Rostelecom conducted a study of DDoS attacks carried out on the Russian segment of the Internet in 2018. According to the report, in 2018 there was a sharp increase not only in the number of DDoS attacks, but also in their power. Game servers were most often in the focus of attackers' attention.
The total number of DDoS attacks in 2018 increased by 95% compared to the previous year. The largest number of attacks was recorded in November and December. Many e-commerce companies receive a significant part of the profits at the end of the year, i.e. New Year's holidays and the weeks preceding them. Competition during this period is especially aggravated. In addition, the holidays account for the peak of user activity in online games.
The longest attack recorded by Rostelecom in 2017 occurred in August and lasted 263 hours (almost 11 days).
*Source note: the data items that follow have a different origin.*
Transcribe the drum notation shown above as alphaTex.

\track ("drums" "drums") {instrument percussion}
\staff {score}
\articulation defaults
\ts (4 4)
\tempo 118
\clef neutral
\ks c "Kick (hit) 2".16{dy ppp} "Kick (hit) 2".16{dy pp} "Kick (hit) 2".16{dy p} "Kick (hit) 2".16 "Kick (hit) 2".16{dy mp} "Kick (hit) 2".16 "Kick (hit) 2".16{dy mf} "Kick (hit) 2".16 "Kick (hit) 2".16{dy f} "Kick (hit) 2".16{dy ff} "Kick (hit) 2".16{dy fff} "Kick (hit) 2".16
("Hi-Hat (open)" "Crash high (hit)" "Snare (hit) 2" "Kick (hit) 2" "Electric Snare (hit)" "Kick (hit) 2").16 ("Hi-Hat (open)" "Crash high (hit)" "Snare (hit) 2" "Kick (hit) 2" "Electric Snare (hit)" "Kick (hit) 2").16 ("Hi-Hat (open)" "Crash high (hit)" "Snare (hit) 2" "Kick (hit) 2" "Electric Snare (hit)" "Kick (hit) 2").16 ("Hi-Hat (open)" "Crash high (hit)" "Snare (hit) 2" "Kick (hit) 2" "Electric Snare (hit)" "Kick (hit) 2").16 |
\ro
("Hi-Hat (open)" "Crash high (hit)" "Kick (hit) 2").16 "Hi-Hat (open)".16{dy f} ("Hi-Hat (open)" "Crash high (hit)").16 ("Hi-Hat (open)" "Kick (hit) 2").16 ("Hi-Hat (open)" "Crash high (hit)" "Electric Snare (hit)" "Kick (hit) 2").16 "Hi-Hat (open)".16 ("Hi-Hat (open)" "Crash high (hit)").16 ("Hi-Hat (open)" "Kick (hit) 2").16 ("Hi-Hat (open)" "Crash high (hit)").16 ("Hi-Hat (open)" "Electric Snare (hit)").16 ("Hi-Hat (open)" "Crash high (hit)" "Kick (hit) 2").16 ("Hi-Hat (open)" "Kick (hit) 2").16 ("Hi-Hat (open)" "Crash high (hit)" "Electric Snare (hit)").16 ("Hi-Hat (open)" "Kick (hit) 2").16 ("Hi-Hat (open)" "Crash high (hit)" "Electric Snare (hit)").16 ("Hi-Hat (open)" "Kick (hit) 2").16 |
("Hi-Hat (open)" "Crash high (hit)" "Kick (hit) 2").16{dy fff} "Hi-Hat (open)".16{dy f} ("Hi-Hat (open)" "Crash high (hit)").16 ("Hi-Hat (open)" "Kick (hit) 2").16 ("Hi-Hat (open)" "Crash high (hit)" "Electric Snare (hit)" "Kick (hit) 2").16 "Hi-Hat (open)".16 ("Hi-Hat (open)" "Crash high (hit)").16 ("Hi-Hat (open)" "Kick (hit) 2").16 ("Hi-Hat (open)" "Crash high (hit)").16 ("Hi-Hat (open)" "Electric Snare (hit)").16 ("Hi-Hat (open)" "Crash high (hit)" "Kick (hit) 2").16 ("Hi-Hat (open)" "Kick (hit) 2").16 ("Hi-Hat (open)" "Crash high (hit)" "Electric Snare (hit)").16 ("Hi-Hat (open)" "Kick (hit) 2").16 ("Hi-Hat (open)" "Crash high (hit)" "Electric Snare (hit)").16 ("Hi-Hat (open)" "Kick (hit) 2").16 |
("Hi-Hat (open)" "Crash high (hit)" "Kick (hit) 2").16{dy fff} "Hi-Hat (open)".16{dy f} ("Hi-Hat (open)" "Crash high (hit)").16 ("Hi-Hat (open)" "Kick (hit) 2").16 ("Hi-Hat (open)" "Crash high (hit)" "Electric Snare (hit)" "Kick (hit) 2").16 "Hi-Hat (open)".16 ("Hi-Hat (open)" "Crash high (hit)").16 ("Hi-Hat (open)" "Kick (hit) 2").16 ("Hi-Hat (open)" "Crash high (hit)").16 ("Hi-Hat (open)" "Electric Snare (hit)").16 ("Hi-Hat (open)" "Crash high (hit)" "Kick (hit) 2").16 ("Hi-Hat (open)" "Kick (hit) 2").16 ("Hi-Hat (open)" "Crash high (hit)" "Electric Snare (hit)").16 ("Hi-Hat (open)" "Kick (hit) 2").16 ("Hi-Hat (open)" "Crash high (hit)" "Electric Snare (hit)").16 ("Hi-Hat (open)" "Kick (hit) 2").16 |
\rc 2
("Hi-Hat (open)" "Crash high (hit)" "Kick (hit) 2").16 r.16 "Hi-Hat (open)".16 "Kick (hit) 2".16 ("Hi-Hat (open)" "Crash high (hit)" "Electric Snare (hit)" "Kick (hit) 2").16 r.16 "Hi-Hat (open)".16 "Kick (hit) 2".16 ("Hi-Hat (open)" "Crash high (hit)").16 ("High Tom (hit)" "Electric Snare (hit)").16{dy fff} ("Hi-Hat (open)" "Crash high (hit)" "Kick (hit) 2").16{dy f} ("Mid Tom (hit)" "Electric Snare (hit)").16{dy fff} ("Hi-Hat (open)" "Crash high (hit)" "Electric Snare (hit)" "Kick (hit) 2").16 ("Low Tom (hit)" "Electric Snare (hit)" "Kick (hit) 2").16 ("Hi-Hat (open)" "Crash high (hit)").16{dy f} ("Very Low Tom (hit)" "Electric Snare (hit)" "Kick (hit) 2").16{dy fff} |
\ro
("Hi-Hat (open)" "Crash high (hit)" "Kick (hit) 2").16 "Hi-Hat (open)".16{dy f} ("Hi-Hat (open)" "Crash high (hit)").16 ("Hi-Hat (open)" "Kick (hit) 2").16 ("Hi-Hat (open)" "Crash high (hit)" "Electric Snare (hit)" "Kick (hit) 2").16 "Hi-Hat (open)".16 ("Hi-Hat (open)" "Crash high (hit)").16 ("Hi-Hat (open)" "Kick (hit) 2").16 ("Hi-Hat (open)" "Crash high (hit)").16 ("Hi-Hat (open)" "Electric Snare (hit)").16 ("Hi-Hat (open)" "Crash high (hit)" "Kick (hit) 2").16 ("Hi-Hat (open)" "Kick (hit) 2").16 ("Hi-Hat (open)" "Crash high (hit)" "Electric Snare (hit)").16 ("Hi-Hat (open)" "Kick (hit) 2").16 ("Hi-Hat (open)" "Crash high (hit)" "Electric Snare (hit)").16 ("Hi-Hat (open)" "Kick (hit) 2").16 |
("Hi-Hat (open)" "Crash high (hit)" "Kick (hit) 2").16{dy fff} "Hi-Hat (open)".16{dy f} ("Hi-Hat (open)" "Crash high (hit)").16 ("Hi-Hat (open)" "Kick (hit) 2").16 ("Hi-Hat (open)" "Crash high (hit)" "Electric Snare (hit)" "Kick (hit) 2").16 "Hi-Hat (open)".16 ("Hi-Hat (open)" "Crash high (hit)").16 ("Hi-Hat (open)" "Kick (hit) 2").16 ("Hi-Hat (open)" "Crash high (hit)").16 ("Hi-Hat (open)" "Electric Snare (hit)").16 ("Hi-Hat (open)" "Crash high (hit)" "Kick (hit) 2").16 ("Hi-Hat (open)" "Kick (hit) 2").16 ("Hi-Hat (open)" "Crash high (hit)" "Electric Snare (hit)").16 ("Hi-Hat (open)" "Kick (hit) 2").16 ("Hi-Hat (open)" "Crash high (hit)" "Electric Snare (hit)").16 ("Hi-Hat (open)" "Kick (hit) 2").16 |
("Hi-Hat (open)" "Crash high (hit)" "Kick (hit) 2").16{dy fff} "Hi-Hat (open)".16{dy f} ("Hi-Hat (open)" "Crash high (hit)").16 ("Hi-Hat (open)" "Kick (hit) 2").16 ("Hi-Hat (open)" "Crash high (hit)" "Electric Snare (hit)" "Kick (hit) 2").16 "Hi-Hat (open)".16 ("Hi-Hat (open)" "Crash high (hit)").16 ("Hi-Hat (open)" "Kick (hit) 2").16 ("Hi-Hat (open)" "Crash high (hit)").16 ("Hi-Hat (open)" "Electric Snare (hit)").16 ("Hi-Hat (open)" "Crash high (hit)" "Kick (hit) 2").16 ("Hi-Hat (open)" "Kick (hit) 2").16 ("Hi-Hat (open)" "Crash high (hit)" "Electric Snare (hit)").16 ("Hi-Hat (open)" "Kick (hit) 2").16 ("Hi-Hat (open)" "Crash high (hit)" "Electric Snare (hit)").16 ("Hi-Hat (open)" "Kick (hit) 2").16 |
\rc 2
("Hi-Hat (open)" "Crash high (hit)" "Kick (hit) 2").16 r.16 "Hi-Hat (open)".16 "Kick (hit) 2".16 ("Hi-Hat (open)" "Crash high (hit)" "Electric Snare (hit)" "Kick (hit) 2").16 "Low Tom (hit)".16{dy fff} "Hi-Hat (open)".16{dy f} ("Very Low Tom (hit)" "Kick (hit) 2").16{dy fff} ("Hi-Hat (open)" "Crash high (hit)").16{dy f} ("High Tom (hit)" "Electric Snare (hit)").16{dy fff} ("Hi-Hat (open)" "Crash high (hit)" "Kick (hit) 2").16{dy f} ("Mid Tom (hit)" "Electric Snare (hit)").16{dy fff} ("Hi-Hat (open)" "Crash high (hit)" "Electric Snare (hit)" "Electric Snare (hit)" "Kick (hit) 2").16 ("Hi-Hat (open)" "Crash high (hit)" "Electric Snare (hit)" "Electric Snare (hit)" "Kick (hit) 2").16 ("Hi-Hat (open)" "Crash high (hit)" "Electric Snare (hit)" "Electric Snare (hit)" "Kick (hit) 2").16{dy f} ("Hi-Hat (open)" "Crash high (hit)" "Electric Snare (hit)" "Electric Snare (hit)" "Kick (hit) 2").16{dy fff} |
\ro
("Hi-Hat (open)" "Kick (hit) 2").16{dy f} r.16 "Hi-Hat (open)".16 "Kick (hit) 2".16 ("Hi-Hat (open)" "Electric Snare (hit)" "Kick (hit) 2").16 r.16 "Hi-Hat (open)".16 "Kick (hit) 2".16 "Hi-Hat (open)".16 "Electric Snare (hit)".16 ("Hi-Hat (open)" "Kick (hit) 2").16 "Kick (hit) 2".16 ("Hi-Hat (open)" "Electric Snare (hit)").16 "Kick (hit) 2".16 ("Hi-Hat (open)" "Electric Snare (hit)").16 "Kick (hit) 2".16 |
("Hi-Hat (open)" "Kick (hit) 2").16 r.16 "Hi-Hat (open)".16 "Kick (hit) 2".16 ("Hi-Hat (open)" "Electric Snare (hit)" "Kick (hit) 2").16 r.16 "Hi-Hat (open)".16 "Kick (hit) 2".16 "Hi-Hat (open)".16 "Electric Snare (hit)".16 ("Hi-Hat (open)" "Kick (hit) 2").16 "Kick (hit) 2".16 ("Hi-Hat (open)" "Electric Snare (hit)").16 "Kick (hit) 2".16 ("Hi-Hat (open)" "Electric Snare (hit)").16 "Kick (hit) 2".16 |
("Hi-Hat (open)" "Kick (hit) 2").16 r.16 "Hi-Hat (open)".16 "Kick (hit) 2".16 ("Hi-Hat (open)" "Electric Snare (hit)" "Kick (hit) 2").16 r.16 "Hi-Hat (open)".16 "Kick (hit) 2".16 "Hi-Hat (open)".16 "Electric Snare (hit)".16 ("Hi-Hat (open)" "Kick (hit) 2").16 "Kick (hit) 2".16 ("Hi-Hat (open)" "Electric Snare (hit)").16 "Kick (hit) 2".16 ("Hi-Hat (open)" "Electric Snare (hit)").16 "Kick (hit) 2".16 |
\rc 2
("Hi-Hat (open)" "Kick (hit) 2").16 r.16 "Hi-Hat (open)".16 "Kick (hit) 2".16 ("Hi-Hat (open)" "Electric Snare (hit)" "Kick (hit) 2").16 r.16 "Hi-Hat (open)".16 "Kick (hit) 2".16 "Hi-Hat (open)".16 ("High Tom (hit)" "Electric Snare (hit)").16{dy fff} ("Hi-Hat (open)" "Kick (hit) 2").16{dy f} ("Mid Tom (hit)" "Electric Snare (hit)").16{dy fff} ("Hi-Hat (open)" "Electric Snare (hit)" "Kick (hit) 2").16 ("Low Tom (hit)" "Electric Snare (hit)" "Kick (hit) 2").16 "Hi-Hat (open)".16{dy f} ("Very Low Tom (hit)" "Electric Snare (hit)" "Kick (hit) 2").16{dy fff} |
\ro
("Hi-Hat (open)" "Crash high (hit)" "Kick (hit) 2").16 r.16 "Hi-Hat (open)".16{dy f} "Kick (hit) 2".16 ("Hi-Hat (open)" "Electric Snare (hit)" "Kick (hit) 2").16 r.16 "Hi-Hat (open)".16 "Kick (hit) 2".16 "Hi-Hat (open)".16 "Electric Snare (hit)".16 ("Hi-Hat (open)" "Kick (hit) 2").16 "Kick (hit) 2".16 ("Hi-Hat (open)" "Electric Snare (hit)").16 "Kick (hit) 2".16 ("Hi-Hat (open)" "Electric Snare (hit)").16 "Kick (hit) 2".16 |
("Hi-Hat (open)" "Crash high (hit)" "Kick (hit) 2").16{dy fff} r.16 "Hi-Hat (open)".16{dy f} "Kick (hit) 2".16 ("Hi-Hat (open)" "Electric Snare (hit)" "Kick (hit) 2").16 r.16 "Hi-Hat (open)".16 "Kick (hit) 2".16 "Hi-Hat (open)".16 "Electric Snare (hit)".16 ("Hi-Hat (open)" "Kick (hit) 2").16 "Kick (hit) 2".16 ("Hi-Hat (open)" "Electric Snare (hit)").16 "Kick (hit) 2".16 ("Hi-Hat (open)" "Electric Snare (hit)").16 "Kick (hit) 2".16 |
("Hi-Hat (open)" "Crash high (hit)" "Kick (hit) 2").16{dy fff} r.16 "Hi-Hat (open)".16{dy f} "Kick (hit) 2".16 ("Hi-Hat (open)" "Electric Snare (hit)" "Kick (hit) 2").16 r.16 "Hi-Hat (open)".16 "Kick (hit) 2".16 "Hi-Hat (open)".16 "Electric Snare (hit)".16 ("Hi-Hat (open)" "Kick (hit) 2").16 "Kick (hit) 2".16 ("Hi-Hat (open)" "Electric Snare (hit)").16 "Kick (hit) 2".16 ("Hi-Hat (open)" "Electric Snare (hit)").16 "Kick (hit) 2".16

In 2018, the attack recorded in March and lasted 280 hours (11 days and 16 hours) reached record levels.
In the past year, there was a sharp jump in the power of DDoS attacks. If in 2017 this figure did not exceed 54 Gb / s, then in 2018 the most serious attack was already carried out at a speed of 450 Gb / s. This was not a single fluctuation: only twice in a year did this figure fall significantly below 50 Gb / s - in June and August.
Who gets attacked the most
The 2018 statistics confirm that the DDoS threat is most relevant for industries whose critical business processes depend on the availability of online services and applications, primarily gaming and e-commerce.
The share of attacks on game servers was 64%. According to analysts, the picture will not change in the coming years, and with the development of eSports, we can expect a further increase in the number of attacks on the industry. E-commerce enterprises consistently "hold" the second place (16%). Compared to 2017, the share of DDoS attacks on telecom increased from 5% to 10%, while the share of educational institutions, on the contrary, decreased from 10% to 1%.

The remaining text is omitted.